Answering a call from the CGTP, Portugal's leading union, some 5,000 protesters marched in Lisbon and organizers said tens of thousands rallied in about 20 cities across the country.

"We want to break with the commitments made in return for the rescue plan, break with right-wing policies, demand the resignation of the government and new elections," union chief Armenio Carlos said.

Crushed by a soaring public debt load, Portugal has implemented tough austerity measures in return for rescue loans from the European Union
...the successor to the Holy Roman Empire, only without the Hapsburgs and the nifty uniforms and the dancing...
and International Monetary Fund.

Under the weight of cutbacks in public spending, the unemployment rate rose sharply in the fourth quarter of last year to 16.9 percent while the economy contracted by 3.2 percent in 2012.

"We can feel the lack of money every day, the cost of transportation has gone up, along with school fees. This policy has no future, it is destroying the country's economy," said protester Maria Manuel Reis, a 55-year-old civil servant.
Posted by:Fred

#13  #11 Frank I'm sorry but you're correct.

I've been substitute teaching in middle & high school since I retired. Kids are generally better than I expected. Teachers? Some are really good, some are pretty bad, most are middle of the road; BUT, the most problems (not all) for teachers are the rules and curriculum that they are forced to live under. They are buried in PC administrivia and can't change the curriculum provided by the State "educators".

The econ text I had to teach from (basically baby sit, little teaching) barely touched on the idea of supply and demand except in the context of proper government control of both. I spoke to the econ teacher one other day and she was doing her best to include some reality but.......... At least she skipped the unit in the approved book on Islamic banking.

Social Studies is by far the worst. Everything is based on white guilt and cultural relativism. Yeeecccchhhhhhh!
Posted by: Alanc   2013-02-17 17:04  

#12  Thank you for reporting from the belly of the beast, Phaith Grique4599. That does change ur u derstanding of the article.
Posted by: trailing wife   2013-02-17 15:55  

#11  you DO know that high school teachers would teach economic justice, not what you're expecting? The change needs to start in the educational base.
Posted by: Frank G   2013-02-17 15:44  

#10  Well then you'd have to teach maths.

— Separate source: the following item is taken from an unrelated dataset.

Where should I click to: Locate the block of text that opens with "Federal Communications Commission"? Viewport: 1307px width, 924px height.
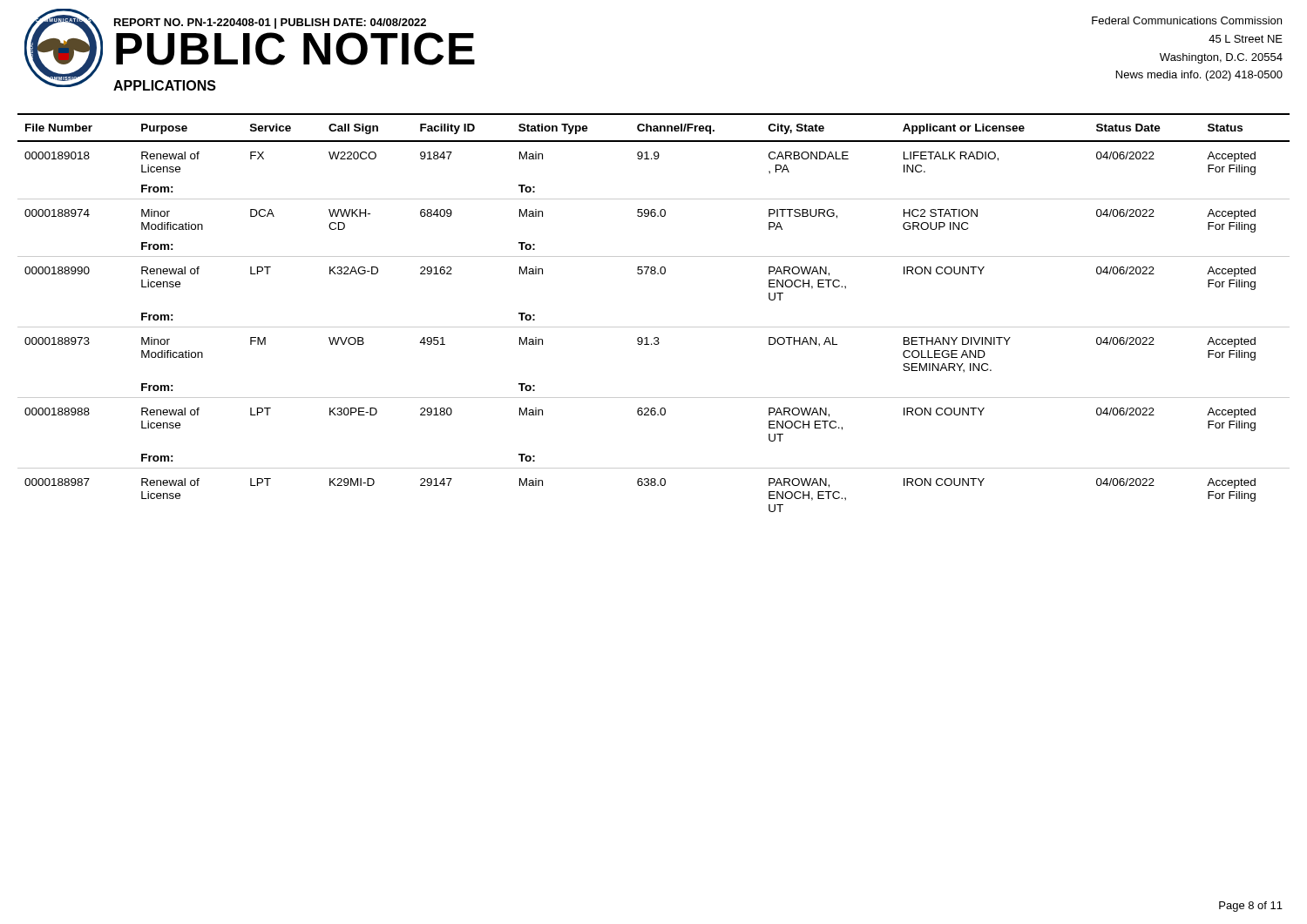point(1187,48)

In reality all economics AKA study of wealth creation boils down to comparative advantage i.e. exchanging our time.
Posted by: Bright Pebbles   2013-02-17 15:30  

#9  When will we make economics a required course in school, but without the critical theory class warfare crap?

Its all about limited resources and marginal cost and opportunity costs.

Since no one that writes monetary policy and formulates national budgets understand this, we are going to see an endless string of shattered economies thanks to all of these clowns that did not get past Chapter 5 of Maynard Keynes (who by the way NEVER said you could spend your way out of a recession. He said there was a balance between deficit spending, tax rates, unemployment, interest rates, and inflation, you break the relationship the whole thing goes haywire.)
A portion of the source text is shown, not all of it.